Menezes: After I started realizing I had anxiety, I started addressing my own anxiety. I was reflecting on my life and what my fellow speaker had been going through. I realized that I had been experiencing symptoms of having anxiety even before the pandemic, I just didn’t realize that. And, partially the reason why, was because I totally bought into this stigma, which I must have learned early on in life. So then I kind of put two and two together and I realized that like within elementary school, maybe within fifth grade, and also middle school, even though I was hearing about, vaguely, what mental health was, it clearly wasn’t getting to me. Maybe it was because it was taught by teachers who never dealt with mental health in life. Maybe it was because I didn’t realize the stigma was a thing, because it was just taught, and not really talked about the stigma, or just I didn’t know how to handle my emotions. And I realized that I could change that. So I reached out to some local elementary schools, middle schools and I asked them if I would be able to teach their students about mental health, along with some of my friends who I got into it. And so far the counselors have been... I think it’s really interesting, but we’re still struggling with a lot of teachers who can’t make time in their schedules, are still trying to fit this into schedules, which is unfortunate because I do think that learning about mental health is just as important as learning about a day of algebra or reading, but I started this program because I think that if I can present to students, if I can tell them about my stories, they’ll realize that fellow students do deal with mental health. If I can talk openly about the stigma and then try to give advice for people who think they’re dealing with mental health problems or people who think their mental health is just fine about how do you have better mental health and how to live more happily?
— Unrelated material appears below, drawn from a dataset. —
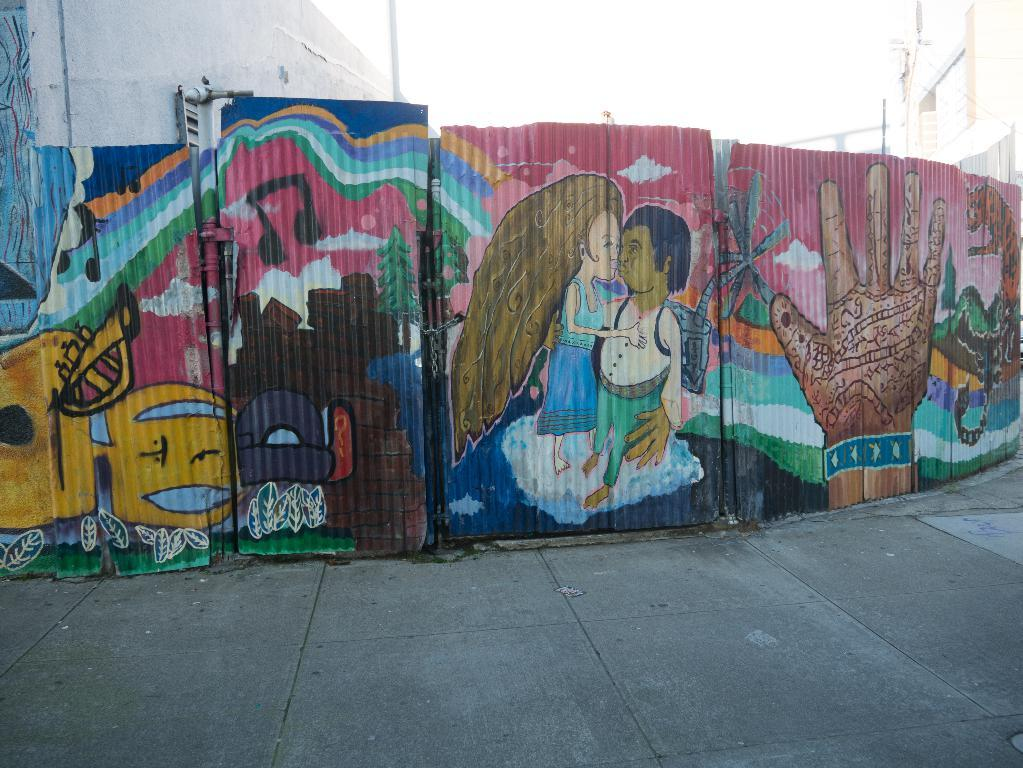What is depicted on the wall in the image? The wall has a painting of people's hands and other cartoons in the painting. What else can be seen in the background of the image? There are poles and the sky visible in the background of the image. How does the ice affect the painting on the wall in the image? There is no ice present in the image, so it cannot affect the painting on the wall. What type of division can be seen between the poles in the image? There is no division between the poles mentioned in the image; they are simply visible in the background.

And I hope I can actually make a difference for the younger generations.

Miller: Jospin, what would you tell young students? I mean if you were going into an elementary school right now, what would you want to focus on?

Mugisha: I would honestly focus on getting them to understand that it’s okay to feel overwhelmed, it’s okay to feel burned out. It’s okay to feel upset, it’s okay to feel those emotions. I feel like a lot of times like there’s just a workaholic mindset within a lot of American society, we’re like, ‘oh if I get like I can just get through it, you know, by myself, I can just like dug through it’ or like, ‘oh if I’m sad or whatever, it makes me weak, if I’m overwhelmed, it makes me weak, if I’m struggling with this then I’m not strong enough’, and so just getting them to really understand that everybody in the whole world goes through what you’re going through. It might not be for the same reasons, but a lot of people struggle and even the people that you admire may also be going through the same things and so just truly, really getting them to understand that even the most successful people out there have struggled with mental health- anxiety, stress, depression, whatever that person might be going through. And so I think that’s the most important thing, just getting them to truly understand that it’s just as common as getting a cold or something like that; removing that stigma away from the negative connotation attached to mental health.

Miller: Jospin, what’s giving you joy right now? What’s giving you resilience?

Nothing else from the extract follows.